Not even the 23‐month period that Merck would have to continue selling the drug to Medicare at the Merck‐unfriendly price is coercive. Merck has received plenty of notice of that condition. Merck was aware of that provision as Congress debated the law in 2021. And when Congress passed it. And when President Biden signed it in August 2022. And when Medicare announced in March 2023 how it would be implementing these provisions. Merck has had and will continue to have plenty of opportunities to avoid those conditions. It could have avoided them at any time from when Congress began debating them in 2021 until now. It could avoid them today. It could avoid them by refusing to enter into an “agreement.” At any of these points, Merck could avoid these conditions of Medicare participation without coercion.
What about the argument that threatening Merck with exclusion from government programs is effectively coercion because Medicare and Medicaid represent a yuge part of Merck’s business? We can firmly reject this argument, too.
Is it coercion when people don’t want to buy what you’re selling at the price you’re selling it? Were all those employers who didn’t hire you coercing you? Do patients coerce hospitals when they switch to lower‐price competitors? Then neither is this. Losing business hurts. But it’s not coercion.

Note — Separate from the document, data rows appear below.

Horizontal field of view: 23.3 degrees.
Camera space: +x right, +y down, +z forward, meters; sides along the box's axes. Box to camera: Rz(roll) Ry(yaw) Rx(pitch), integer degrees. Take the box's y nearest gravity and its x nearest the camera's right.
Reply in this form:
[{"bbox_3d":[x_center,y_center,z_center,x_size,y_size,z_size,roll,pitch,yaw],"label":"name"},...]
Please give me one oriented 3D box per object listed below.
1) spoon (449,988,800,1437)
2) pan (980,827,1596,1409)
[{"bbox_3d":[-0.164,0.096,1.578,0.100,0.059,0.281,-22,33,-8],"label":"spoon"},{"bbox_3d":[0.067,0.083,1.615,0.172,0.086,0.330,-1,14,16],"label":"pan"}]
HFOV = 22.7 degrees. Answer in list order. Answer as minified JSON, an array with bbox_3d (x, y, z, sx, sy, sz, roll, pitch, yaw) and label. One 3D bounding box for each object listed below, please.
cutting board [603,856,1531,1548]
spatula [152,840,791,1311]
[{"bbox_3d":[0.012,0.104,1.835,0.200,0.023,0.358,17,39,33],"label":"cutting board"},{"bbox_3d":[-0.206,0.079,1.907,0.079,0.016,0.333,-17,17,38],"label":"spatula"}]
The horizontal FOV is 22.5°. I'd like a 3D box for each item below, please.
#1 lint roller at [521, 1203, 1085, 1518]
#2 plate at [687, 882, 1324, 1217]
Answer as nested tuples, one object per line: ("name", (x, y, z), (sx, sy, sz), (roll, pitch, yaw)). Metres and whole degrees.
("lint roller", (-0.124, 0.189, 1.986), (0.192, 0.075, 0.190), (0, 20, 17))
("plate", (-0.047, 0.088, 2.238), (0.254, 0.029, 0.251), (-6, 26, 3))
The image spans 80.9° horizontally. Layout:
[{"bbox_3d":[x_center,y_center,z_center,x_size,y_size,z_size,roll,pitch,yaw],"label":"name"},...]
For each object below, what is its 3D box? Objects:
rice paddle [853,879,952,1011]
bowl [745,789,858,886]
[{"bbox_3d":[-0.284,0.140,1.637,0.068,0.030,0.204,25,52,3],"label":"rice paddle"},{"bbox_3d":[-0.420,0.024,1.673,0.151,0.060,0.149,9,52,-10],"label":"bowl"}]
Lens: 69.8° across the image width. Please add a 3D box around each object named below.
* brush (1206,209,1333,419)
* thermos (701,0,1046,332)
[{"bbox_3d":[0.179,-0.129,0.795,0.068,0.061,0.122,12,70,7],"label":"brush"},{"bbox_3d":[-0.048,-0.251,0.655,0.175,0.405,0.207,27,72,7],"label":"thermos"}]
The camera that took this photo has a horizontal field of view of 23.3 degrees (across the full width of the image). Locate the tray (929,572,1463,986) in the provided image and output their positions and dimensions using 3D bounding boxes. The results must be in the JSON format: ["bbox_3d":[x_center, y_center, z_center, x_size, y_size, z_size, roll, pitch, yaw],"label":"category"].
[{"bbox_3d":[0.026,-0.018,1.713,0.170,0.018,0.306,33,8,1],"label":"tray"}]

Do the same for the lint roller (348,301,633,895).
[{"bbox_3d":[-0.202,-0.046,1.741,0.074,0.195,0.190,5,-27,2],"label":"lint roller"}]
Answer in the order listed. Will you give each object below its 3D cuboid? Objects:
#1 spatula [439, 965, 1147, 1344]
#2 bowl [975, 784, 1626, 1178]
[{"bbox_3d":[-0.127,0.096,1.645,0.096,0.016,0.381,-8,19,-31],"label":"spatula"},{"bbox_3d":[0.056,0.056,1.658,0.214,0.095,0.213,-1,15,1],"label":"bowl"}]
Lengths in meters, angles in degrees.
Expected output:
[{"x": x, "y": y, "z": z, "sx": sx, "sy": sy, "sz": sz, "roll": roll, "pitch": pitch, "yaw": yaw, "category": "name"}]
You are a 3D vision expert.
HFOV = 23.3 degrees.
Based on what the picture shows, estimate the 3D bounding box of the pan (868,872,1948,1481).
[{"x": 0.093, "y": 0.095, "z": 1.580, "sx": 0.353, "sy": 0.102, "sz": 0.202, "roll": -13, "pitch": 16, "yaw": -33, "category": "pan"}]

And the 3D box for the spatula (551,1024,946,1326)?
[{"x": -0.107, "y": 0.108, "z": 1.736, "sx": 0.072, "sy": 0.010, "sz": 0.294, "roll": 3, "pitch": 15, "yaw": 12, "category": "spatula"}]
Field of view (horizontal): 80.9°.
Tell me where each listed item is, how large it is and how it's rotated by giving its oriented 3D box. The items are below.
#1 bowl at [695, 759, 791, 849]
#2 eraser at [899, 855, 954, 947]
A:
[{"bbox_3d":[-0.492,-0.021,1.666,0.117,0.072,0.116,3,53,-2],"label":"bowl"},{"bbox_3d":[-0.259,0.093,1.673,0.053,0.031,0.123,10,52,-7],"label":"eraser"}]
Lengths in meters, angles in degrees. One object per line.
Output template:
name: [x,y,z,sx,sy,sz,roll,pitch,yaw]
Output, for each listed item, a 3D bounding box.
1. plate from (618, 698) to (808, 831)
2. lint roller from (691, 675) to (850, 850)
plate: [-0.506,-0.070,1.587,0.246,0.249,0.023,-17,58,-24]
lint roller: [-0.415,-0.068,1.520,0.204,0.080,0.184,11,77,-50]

The fact that people would even think to equate Merck losing government business to coercion shows just how much government dominates health care in the United States. The fact that some people—including many limited‐government conservatives—would rather let the government overpay than threaten Merck’s profit margins is an example of how all that government domination introduces moral hazard into these decisions.
Since no part of this process is coercive, Merck’s other claims of coercion (compelled speech, etc.) are also inaccurate.
In case we needed more evidence that Merck is just rent-seeking—that is, attempting to gouge taxpayers—the company describes the prices it currently receives from Medicare as reflecting “fair market value” and Medicare’s current drug‐pricing rules as “a free‐market approach based on market‐driven prices.” Troy describes what Medicare pays as a “market price.”
These are major tells. There are no market prices in the U.S. health sector. What Sherry Glied says of health care prices in general is especially true of Medicare prices: “There is no reason to believe that current prices provide incentives that reflect either underlying costs or consumer preferences.” A good rule of thumb is that if an industry claims the price it receives from government reflects fair market value, that price is too high.
It is conceivable, though inadvisable, that federal courts might disagree with me. They may decide to impose notice requirements more stringent than common sense requires. They may choose to define what Congress is doing in this case as coercive. If so, those decisions would mark breathtaking opportunities for special interests to follow in Merck’s footsteps by taking advantage of taxpayers.